What needs to be done
Using the records below, write out again exactly the lines that begin at the line containing "Horizontal field of" and end at the line containing "14. boat shoe [396, 182, 490, 294]", and no other lines.

== Material to process

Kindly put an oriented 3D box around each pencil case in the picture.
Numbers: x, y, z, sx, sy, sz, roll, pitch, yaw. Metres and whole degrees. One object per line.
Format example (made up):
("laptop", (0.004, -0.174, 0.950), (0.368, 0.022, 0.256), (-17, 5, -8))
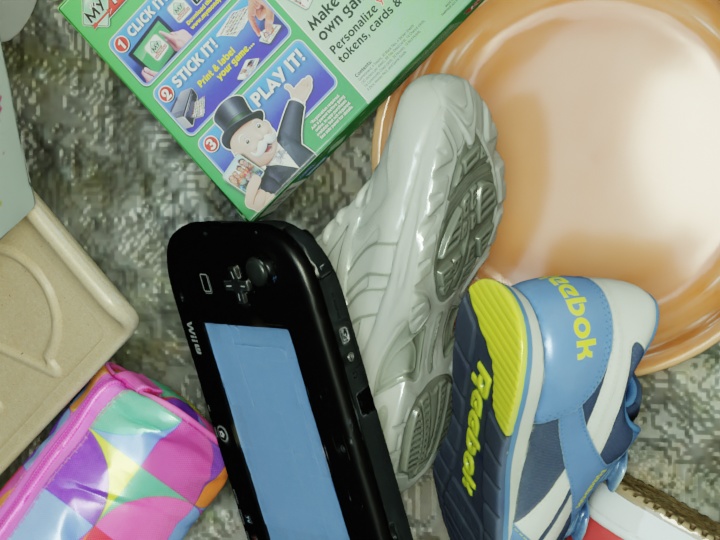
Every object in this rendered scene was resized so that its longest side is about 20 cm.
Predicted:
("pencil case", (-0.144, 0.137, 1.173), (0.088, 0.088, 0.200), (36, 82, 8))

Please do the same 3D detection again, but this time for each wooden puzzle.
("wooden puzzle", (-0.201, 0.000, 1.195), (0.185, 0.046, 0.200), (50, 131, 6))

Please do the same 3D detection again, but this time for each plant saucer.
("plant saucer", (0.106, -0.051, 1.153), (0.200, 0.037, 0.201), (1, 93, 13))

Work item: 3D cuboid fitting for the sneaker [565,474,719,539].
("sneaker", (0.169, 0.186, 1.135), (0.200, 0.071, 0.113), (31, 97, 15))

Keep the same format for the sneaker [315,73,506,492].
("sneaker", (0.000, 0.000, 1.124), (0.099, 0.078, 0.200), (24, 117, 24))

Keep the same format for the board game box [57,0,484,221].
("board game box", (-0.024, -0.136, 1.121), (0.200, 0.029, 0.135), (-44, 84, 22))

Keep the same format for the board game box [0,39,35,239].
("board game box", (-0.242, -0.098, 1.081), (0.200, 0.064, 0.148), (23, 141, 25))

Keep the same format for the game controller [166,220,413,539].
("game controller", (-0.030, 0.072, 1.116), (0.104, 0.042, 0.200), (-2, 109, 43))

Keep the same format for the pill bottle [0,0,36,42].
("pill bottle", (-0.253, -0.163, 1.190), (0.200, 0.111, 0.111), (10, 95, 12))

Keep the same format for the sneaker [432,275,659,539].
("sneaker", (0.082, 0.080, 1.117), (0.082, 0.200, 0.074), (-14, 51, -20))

====
== Material to process

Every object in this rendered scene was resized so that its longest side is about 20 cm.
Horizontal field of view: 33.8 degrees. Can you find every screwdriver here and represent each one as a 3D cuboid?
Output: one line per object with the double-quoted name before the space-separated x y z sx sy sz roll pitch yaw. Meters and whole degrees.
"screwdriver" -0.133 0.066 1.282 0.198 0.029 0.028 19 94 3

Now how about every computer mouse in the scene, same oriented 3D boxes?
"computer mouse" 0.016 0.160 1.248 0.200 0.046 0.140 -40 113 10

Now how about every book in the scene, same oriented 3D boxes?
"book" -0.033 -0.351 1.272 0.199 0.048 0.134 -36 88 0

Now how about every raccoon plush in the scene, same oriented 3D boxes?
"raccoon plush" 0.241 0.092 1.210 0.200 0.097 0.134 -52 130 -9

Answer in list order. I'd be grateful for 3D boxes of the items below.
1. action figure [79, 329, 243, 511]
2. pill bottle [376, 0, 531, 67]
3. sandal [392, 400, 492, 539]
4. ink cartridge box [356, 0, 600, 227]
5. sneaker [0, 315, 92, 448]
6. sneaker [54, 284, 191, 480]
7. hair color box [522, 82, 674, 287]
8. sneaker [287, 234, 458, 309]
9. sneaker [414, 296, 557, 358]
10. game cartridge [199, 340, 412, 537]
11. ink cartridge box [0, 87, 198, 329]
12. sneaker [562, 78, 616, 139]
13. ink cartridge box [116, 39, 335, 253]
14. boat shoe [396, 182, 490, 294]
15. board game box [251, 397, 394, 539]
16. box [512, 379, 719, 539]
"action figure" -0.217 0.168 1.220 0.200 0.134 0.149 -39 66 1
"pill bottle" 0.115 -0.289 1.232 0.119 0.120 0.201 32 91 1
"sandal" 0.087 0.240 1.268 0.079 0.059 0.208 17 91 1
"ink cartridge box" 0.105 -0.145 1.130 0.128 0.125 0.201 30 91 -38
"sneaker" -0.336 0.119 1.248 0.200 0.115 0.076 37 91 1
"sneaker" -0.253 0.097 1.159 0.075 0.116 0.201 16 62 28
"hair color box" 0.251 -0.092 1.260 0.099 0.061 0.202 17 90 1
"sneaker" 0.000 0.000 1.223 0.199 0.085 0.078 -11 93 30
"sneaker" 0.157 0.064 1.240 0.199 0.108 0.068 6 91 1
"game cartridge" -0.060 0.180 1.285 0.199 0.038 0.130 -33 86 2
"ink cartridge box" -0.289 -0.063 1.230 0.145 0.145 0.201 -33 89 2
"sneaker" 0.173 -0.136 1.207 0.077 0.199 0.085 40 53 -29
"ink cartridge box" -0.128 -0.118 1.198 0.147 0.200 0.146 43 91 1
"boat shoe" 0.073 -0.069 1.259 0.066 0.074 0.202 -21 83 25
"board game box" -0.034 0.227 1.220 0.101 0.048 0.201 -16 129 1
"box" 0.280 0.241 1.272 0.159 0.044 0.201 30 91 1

====

Output of the task
Horizontal field of view: 33.8 degrees. Can you find every screwdriver here and represent each one as a 3D cuboid?
Output: one line per object with the double-quoted name before the space-separated x y z sx sy sz roll pitch yaw. Meters and whole degrees.
"screwdriver" -0.133 0.066 1.282 0.198 0.029 0.028 19 94 3

Now how about every computer mouse in the scene, same oriented 3D boxes?
"computer mouse" 0.016 0.160 1.248 0.200 0.046 0.140 -40 113 10

Now how about every book in the scene, same oriented 3D boxes?
"book" -0.033 -0.351 1.272 0.199 0.048 0.134 -36 88 0

Now how about every raccoon plush in the scene, same oriented 3D boxes?
"raccoon plush" 0.241 0.092 1.210 0.200 0.097 0.134 -52 130 -9

Answer in list order. I'd be grateful for 3D boxes of the items below.
1. action figure [79, 329, 243, 511]
2. pill bottle [376, 0, 531, 67]
3. sandal [392, 400, 492, 539]
4. ink cartridge box [356, 0, 600, 227]
5. sneaker [0, 315, 92, 448]
6. sneaker [54, 284, 191, 480]
7. hair color box [522, 82, 674, 287]
8. sneaker [287, 234, 458, 309]
9. sneaker [414, 296, 557, 358]
10. game cartridge [199, 340, 412, 537]
11. ink cartridge box [0, 87, 198, 329]
12. sneaker [562, 78, 616, 139]
13. ink cartridge box [116, 39, 335, 253]
14. boat shoe [396, 182, 490, 294]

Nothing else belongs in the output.